= Stored records =
++++
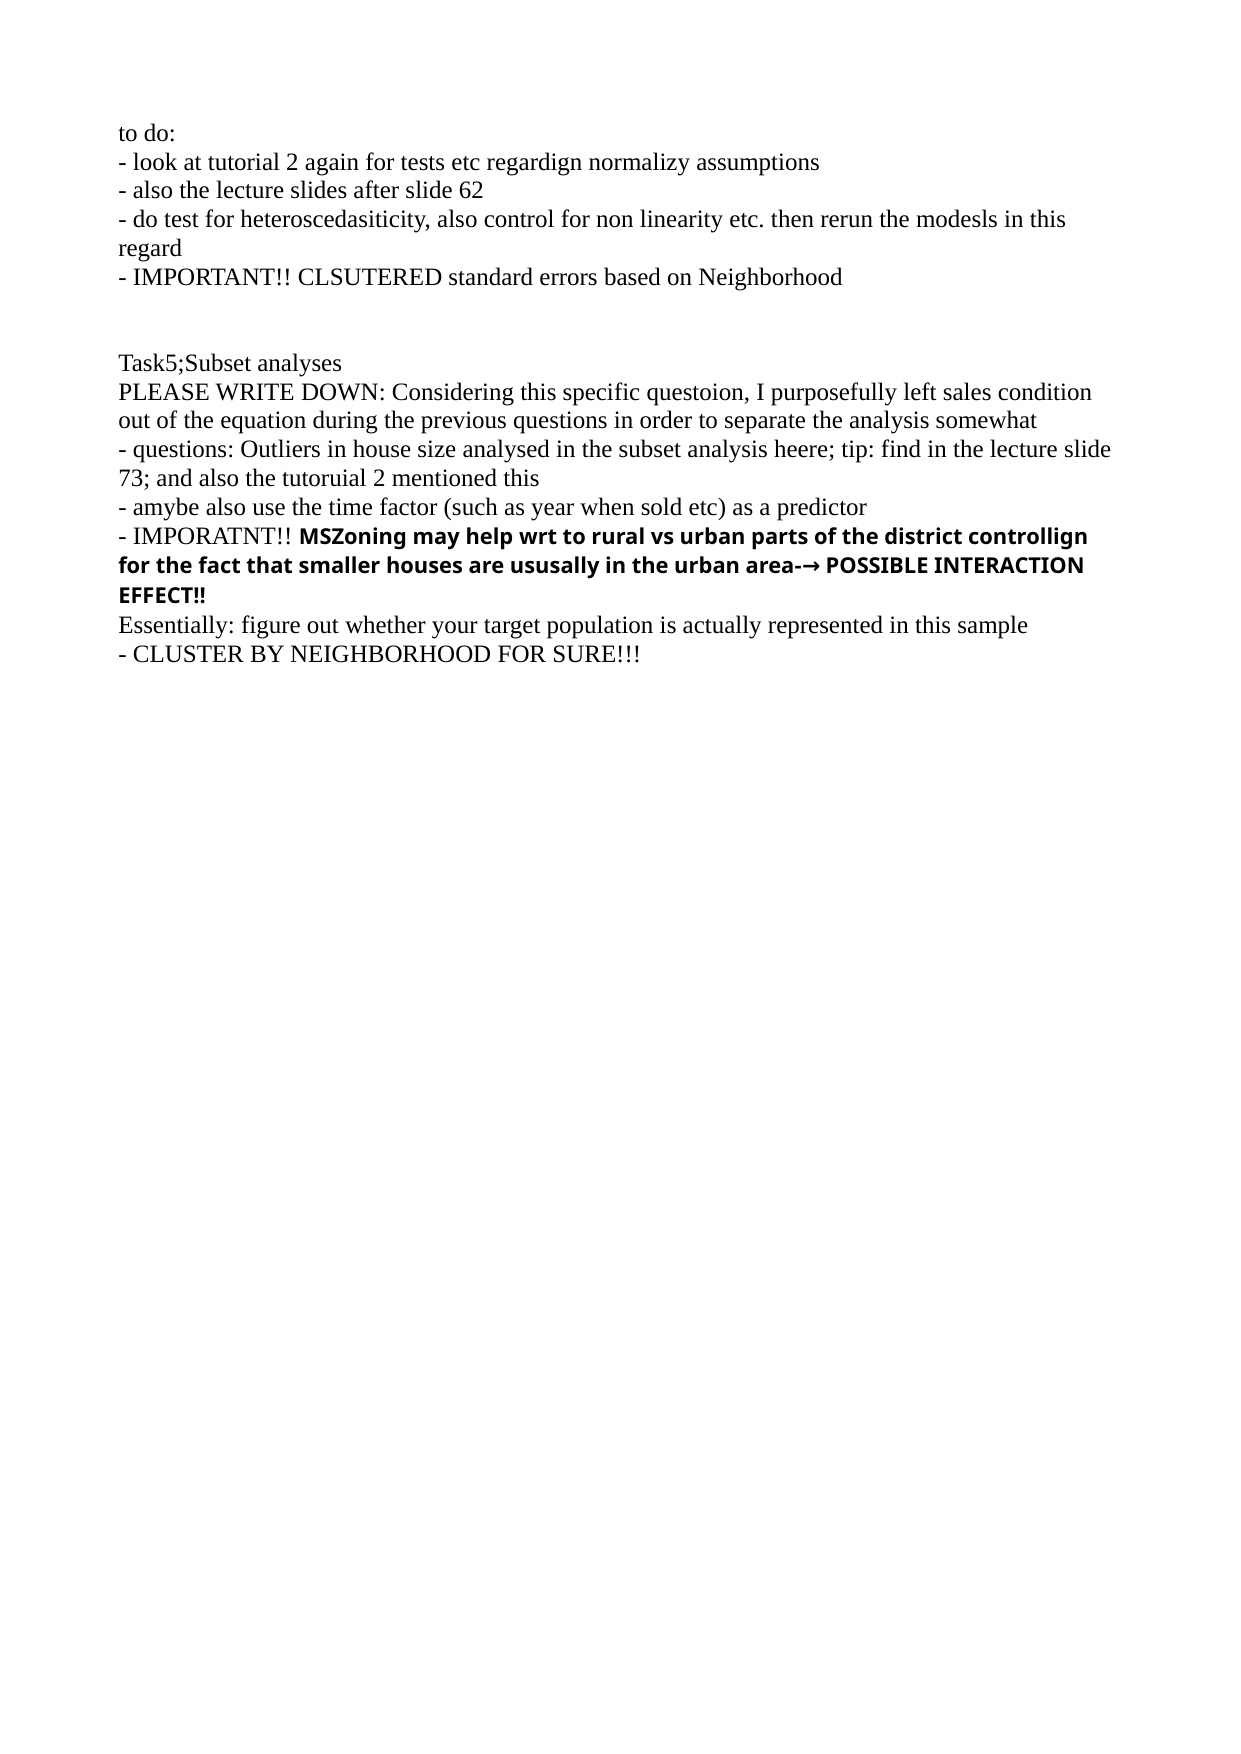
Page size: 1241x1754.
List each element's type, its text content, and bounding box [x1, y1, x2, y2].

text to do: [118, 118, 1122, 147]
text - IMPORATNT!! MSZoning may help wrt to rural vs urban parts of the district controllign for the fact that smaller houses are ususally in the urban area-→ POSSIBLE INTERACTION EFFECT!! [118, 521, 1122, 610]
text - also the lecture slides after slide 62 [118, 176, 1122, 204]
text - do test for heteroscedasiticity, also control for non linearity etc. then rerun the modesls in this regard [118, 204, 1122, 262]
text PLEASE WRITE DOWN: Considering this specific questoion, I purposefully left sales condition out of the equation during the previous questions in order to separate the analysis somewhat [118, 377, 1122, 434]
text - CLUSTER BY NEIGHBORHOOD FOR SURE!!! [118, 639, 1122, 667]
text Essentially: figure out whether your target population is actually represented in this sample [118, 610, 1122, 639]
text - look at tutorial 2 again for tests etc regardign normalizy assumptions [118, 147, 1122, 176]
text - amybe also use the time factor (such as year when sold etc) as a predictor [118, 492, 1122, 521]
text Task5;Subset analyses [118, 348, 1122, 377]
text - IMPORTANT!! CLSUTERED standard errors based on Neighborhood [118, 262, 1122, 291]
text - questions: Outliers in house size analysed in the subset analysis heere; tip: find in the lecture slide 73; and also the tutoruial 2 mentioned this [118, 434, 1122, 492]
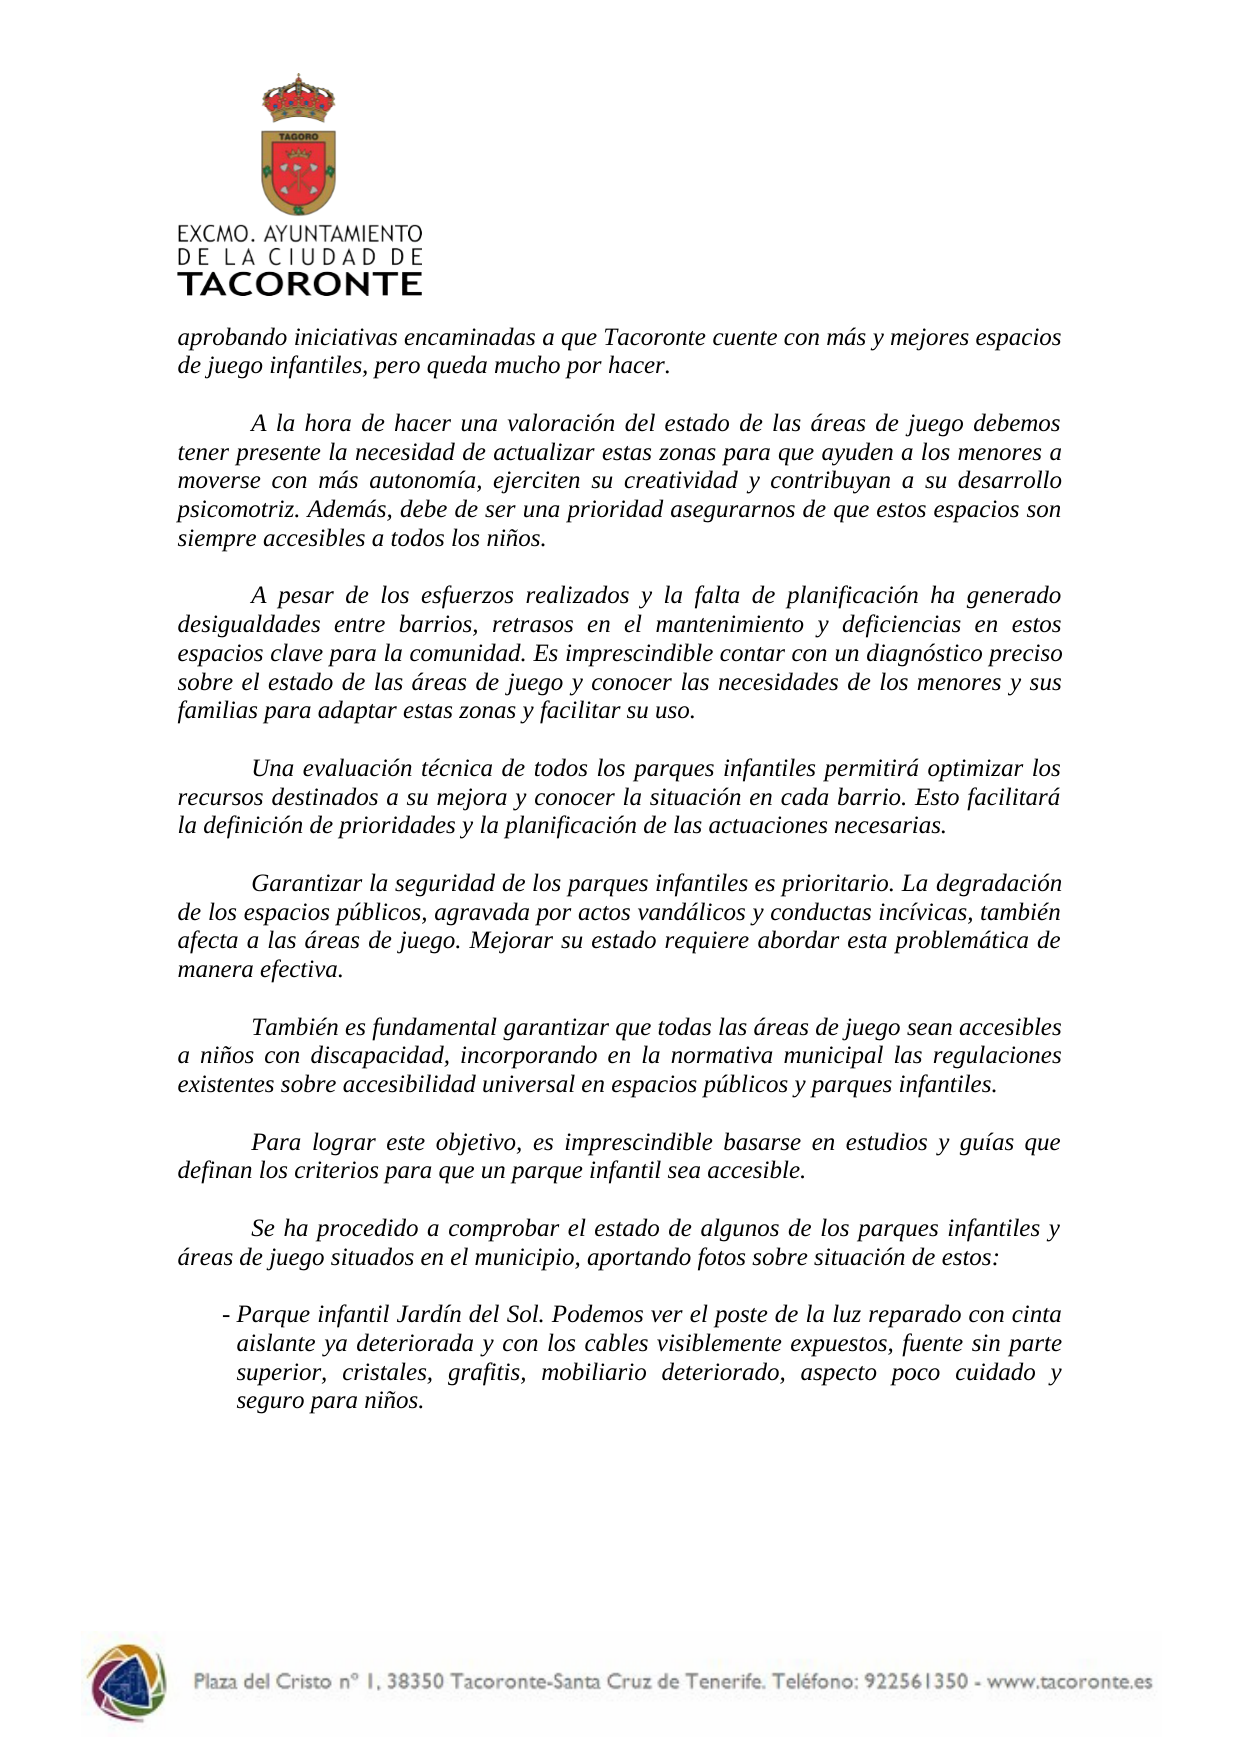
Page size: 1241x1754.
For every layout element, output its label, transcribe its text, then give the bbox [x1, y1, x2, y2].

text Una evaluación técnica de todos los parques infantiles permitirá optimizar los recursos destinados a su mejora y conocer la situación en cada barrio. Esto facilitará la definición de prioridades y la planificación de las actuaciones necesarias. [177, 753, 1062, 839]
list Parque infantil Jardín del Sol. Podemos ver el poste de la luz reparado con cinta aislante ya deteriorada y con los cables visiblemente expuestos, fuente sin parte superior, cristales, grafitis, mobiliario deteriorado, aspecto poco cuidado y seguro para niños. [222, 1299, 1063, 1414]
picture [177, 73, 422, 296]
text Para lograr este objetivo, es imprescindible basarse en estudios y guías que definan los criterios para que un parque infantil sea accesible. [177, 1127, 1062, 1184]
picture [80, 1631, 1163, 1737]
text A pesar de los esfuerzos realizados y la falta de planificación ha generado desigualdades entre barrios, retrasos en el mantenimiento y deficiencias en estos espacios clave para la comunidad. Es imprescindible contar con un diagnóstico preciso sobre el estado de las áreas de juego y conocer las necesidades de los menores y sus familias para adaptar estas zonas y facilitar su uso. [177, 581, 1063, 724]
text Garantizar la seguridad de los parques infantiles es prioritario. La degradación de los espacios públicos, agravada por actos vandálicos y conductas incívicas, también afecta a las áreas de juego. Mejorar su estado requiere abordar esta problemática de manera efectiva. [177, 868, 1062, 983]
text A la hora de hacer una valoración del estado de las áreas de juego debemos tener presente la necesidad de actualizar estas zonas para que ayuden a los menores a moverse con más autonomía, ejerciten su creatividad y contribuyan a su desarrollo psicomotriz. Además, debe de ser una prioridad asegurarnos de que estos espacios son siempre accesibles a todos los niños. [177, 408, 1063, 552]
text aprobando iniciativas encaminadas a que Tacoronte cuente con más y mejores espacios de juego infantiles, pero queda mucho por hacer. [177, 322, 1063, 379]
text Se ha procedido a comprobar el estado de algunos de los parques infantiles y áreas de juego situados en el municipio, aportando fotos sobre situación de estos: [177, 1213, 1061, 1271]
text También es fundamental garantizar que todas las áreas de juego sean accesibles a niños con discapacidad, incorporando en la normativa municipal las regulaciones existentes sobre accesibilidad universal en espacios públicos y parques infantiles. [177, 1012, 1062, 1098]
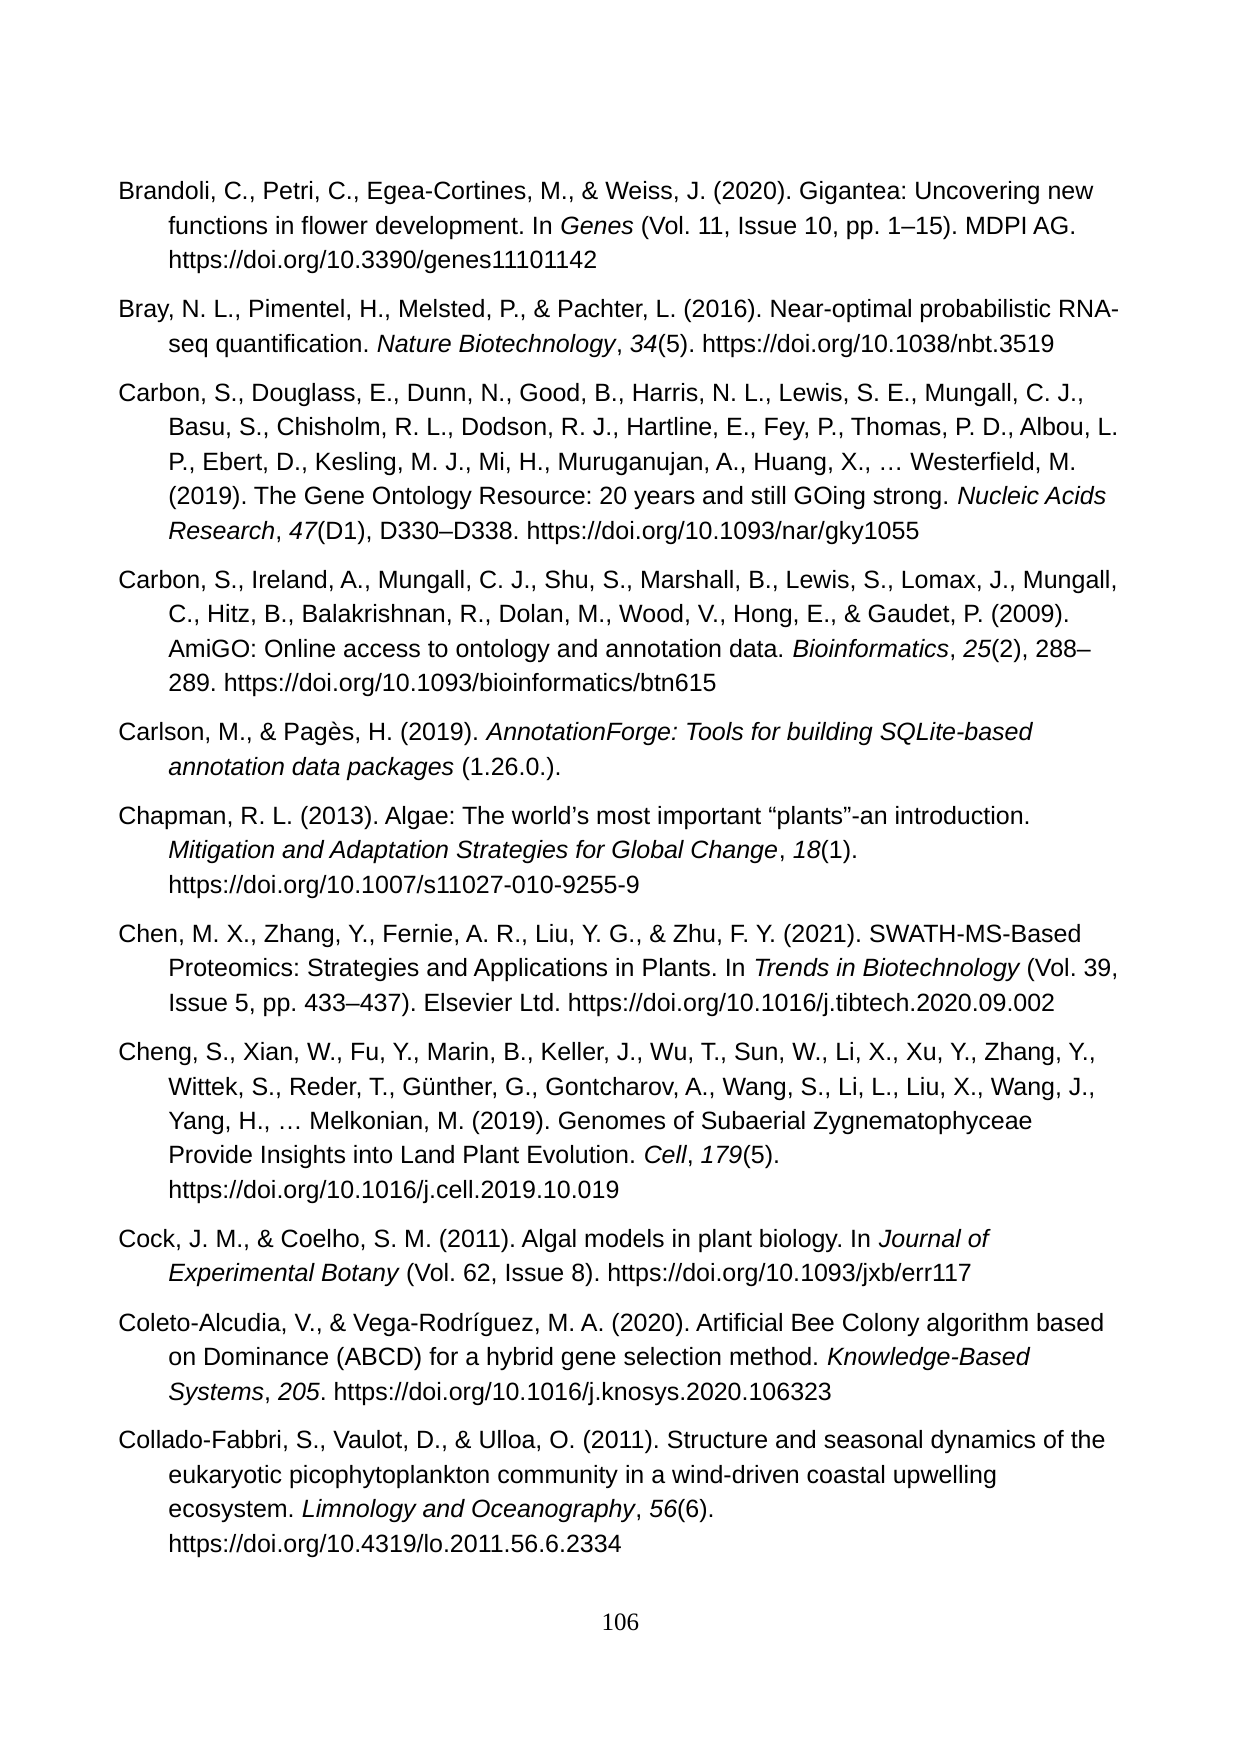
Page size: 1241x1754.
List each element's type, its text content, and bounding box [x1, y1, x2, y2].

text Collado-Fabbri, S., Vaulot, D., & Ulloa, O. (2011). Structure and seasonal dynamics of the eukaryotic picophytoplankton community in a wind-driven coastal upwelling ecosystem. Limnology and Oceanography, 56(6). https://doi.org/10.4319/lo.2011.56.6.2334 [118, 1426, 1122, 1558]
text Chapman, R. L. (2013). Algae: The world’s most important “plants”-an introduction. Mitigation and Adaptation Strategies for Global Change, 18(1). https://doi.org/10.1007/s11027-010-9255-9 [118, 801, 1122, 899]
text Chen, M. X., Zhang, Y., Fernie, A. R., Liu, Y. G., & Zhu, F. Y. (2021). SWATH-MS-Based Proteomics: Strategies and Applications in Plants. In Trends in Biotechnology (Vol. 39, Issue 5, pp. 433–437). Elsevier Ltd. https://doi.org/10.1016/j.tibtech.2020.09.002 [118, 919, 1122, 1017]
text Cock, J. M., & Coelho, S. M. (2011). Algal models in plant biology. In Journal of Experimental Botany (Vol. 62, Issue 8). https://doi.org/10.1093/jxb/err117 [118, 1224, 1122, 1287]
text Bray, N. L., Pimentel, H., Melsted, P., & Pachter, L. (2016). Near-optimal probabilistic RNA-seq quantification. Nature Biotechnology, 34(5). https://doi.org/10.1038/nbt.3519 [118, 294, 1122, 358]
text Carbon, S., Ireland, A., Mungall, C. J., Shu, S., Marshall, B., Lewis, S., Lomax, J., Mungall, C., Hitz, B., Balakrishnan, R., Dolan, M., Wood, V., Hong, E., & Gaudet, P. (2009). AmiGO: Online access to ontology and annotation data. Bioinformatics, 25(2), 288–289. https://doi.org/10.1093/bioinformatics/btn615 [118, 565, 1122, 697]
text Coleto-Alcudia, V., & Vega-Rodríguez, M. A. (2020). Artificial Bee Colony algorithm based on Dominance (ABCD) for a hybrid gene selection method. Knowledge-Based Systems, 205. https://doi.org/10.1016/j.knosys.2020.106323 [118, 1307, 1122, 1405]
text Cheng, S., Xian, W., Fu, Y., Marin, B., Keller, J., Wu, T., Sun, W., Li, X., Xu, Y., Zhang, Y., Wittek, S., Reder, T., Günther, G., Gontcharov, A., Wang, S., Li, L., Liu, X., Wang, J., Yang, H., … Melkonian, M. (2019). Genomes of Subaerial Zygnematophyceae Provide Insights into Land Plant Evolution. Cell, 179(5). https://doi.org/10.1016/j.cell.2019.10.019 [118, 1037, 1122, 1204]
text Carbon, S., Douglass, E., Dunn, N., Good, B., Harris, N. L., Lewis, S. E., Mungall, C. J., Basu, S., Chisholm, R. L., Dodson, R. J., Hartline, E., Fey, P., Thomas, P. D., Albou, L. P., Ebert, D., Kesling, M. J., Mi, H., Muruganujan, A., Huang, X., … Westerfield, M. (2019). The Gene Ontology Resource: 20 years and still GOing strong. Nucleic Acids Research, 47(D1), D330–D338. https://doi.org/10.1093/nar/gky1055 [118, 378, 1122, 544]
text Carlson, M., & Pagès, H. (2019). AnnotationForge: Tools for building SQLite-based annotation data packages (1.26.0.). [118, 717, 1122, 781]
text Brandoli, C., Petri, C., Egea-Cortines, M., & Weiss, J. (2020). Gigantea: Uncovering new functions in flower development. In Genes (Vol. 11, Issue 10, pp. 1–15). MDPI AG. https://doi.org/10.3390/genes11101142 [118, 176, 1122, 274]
++++
Could you copy exactly the line containing "text Carbon, S., Douglass, E., Dunn, N., Good, B., Harris, N." and each line after it through the end of the records, and nothing else?

text Carbon, S., Douglass, E., Dunn, N., Good, B., Harris, N. L., Lewis, S. E., Mungall, C. J., Basu, S., Chisholm, R. L., Dodson, R. J., Hartline, E., Fey, P., Thomas, P. D., Albou, L. P., Ebert, D., Kesling, M. J., Mi, H., Muruganujan, A., Huang, X., … Westerfield, M. (2019). The Gene Ontology Resource: 20 years and still GOing strong. Nucleic Acids Research, 47(D1), D330–D338. https://doi.org/10.1093/nar/gky1055 [118, 378, 1122, 544]
text Carlson, M., & Pagès, H. (2019). AnnotationForge: Tools for building SQLite-based annotation data packages (1.26.0.). [118, 717, 1122, 781]
text Brandoli, C., Petri, C., Egea-Cortines, M., & Weiss, J. (2020). Gigantea: Uncovering new functions in flower development. In Genes (Vol. 11, Issue 10, pp. 1–15). MDPI AG. https://doi.org/10.3390/genes11101142 [118, 176, 1122, 274]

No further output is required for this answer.